Demokrat Parti Genel Başkanı Afyonkarahisar Milletvekili Gültekin Uysal, İktidar tarafından büyükşehirlerde tanzim satışa başlanması hakkında yaptığı açıklamada sorunu 31 Mart’a kadar gemiyi yüzdürmek adına kozmetik yöntemle kapatmaya çalışmak olarak değerlendirdi.
Genel Başkan Uysal yaptığı yazılı açıklamada şunları ifade etti:
“Bir anlamda Kamulaştırma yapıldı”
“Cumhuriyet dönemlerinde yapılan PETKİM, TÜPRAŞ, SEKA, Erdemir, Türk Telekom, Sümerbank, Tekel, Şeker fabrikaları gibi varlıkları özelleştirme yoluyla haraç mezat satarak 73 milyar dolarlık özelleştirme gelirini harcayan, son olarak da Adapazarı’ndaki Tank Palet Fabrikasını “Özelleştirme” kapsamına aldıktan sonra yüzde 49,9 hissesi Katar ordusuna ait bir firmaya 25 yıllığına kullanım hakkını devreden İktidar tarafından büyükşehirlerde domates, biber ve patlıcan tanzim satışı yapılmaya başlandı, yani bir anlamda “Kamulaştırma” yapıldı.
“Anlaşılan dün açılan manavlar önümüzdeki günlerde bakkala dönüşecek!”
İstanbul ve Ankara’da kurulan tanzim satış noktalarında sadece 7 cins olan sebzeye ilgi yoğundu. Yapılan açıklamalarda ise, önce meyve sonra da mercimek, nohut ve fasulyenin satışına başlanacağı, hatta temizlik malzemelerinin satılacağı ifade edildi. Anlaşılan dün açılan manavlar önümüzdeki günlerde bakkala dönüşecek!
Tanzim noktalarında fiyatlar marketlere göre yüzde 40 civarında daha ucuz olurken, çoğu ürün için kişi başına 2 kilogram kota konuldu. Yani uzun yıllar sonra yeniden ülkemizde karne sistemine dönüldü. Bu noktada haklı olarak “piyasa ekonomisinden kumanda ekonomisine mi dönüyoruz?” sorusu tartışılmaya başlandı.
“Uzun yıllar sonra yeniden ülkemizde karne sistemine dönüldü”
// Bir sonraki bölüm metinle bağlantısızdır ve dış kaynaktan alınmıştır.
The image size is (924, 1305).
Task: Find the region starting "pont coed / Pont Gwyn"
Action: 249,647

Tanzim satış noktalarında oluşan kuyruklar, İktidarın konuşmalarında sık sık eleştirdiği eski dönemleri hatırlattı. İktidar, geçmiş iktidarlara yönelik eleştiri yaparken 1970’li yıllardaki kuyrukları hatırlatıyordu. Tanzim Satış mağazalarının temeli ise 1970’li yıllara dayanıyor. 1977 yılında İzmir ve Ankara Belediyesi’nin başını çektiği belediyeler, üretime doğrudan katılmak yönündeki girişimlerin yanında, temel gıda malzemelerinin fiyatlarını düşük tutabilmek ve karaborsa ile mücadele edebilmek için tanzim satış mağazaları kurmuşlardı.
“Sorunu kozmetik yöntemlerle gidermeye çalışıyorlar”
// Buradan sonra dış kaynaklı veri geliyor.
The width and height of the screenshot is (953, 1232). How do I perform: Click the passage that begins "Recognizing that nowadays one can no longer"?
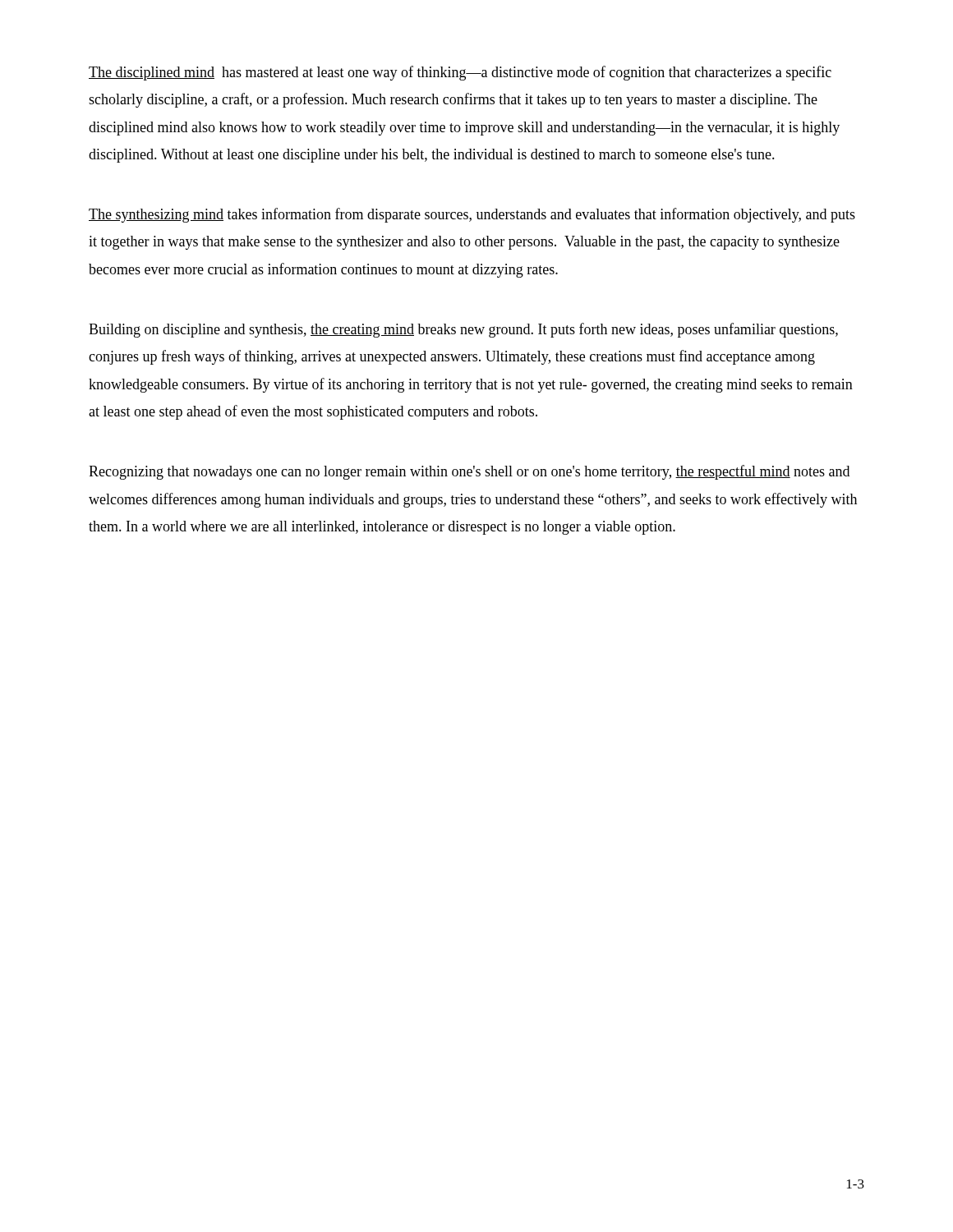(x=473, y=499)

Son yıllarda Hükümet yetkilileri önce çiftçileri azarladı, suçlu onlardı. Sonra komisyoncular azarlandı, sonra halciler azarlandı, hatta ‘bunları mevsiminde yiyin’ şeklinde sözler söylendi.
Şimdi de 31 Mart’a kadar gemiyi yüzdürmek adına yapılmaya çalışılan, vatandaşın bu temel taleplerini “kozmetik” yöntemlerle gidermeye çalışmaktır. Bu yöntemler kesimlikle sürdürülebilir değildir.
Manavla, pazarcıyla mücadele edeceğine, sağlıklı tutarlı tarım politikaları, tüketim politikaları uygulanmalı, önce ülkede üretimi artıracak tedbirler alınmalıdır. Tüm bunların ön şartı ise, tutarlı tarım ve ekonomi politikaları, dış politika olmalıdır.
“Mal arzı ve üretim artmadan fiyatlar düşmez”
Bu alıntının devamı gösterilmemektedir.